The five-year collection period with regard to SMSF membership size is set out in Table 1 taken from the March 2022 statistical report.
The data indicates a very slight increase in the proportion of single-member SMSFs over the collection period with a corresponding reduction in the percentage of multi-member SMSFs. In all years of the report, single-member and two-member funds have accounted for no less than 92.4 per cent of all SMSFs.
The issue to be considered in this article is whether the advantages of single-member SMSFs are sufficient to offset the scale advantages, particularly the initial set-up costs and the recurring costs, of twomember funds.
Table 1: Proportion of funds by number of members (%)
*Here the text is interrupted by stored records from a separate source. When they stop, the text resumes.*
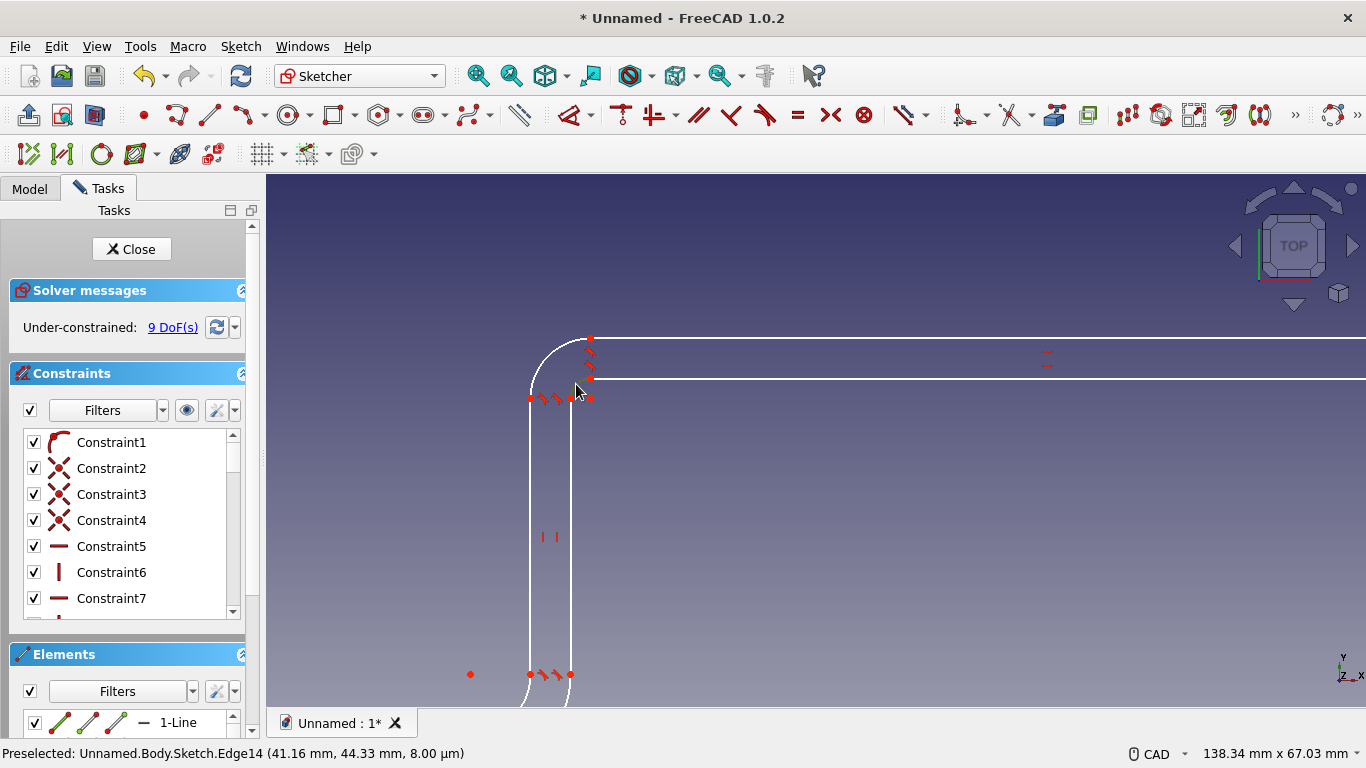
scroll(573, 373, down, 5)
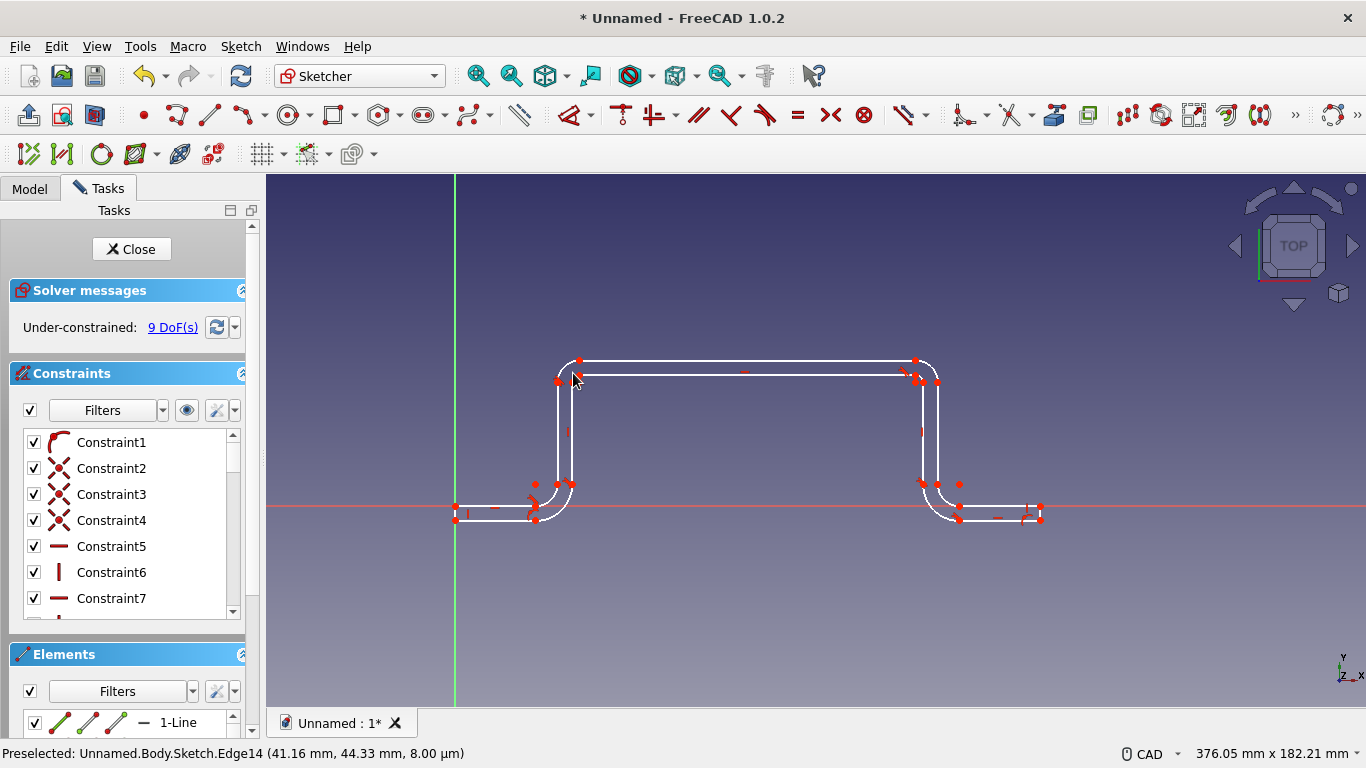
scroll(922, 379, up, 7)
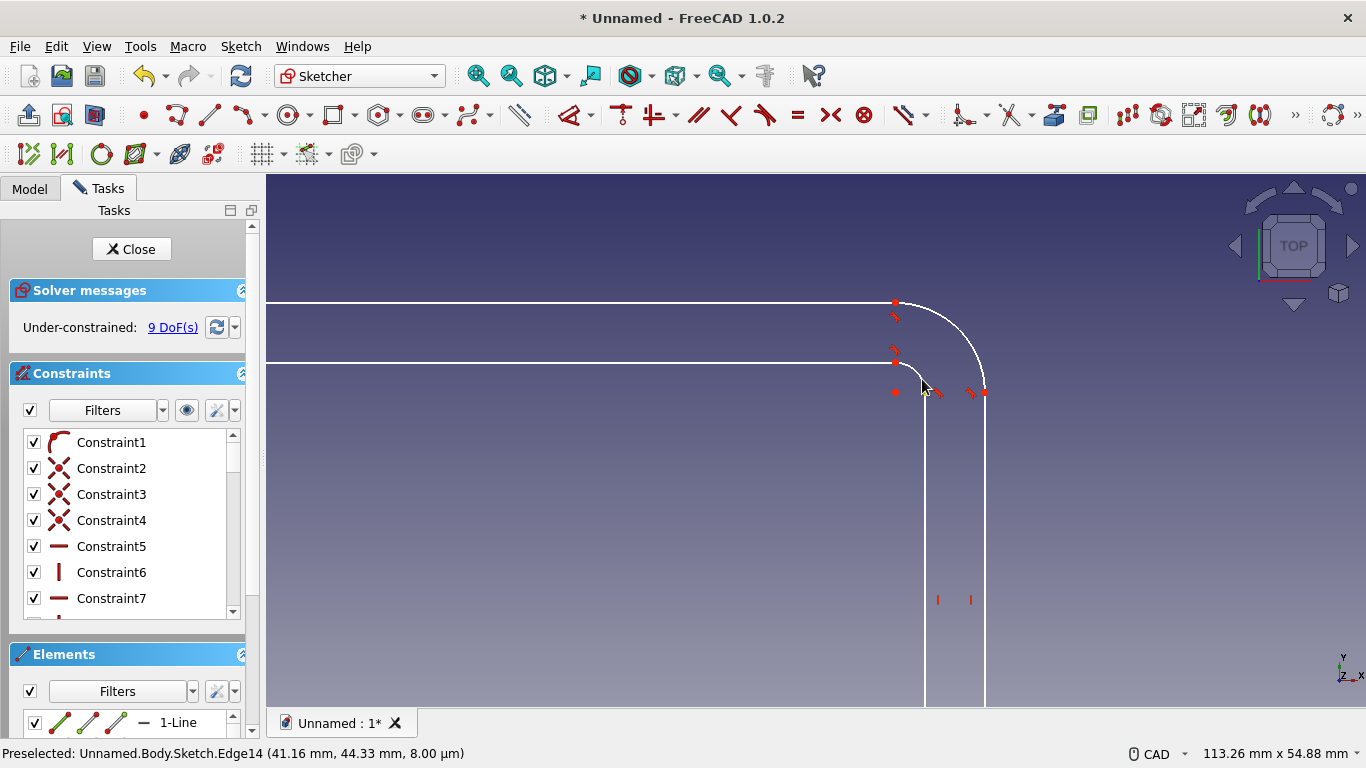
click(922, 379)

Number 2019/20 2018/19 2017/18 2016/17 2015/16 of members
1 23.7% 23.4% 23.2% 23.1% 22.9%
2 69.2% 69.3% 69.4% 69.4% 69.5%
3 3.4% 3.6% 3.6% 3.7% 3.7%
4 3.6% 3.8% 3.8% 3.8% 3.9%
Total 100% 100% 100% 100% 100%
Case study
To do this we will look at a case study and to make the comparison more robust, the single-member SMSF has Ta corporate structure, while the two-member SMSF has an individual trustee structure. Further, we have assumed there are no member movements – whether inwards or outwards in either fund.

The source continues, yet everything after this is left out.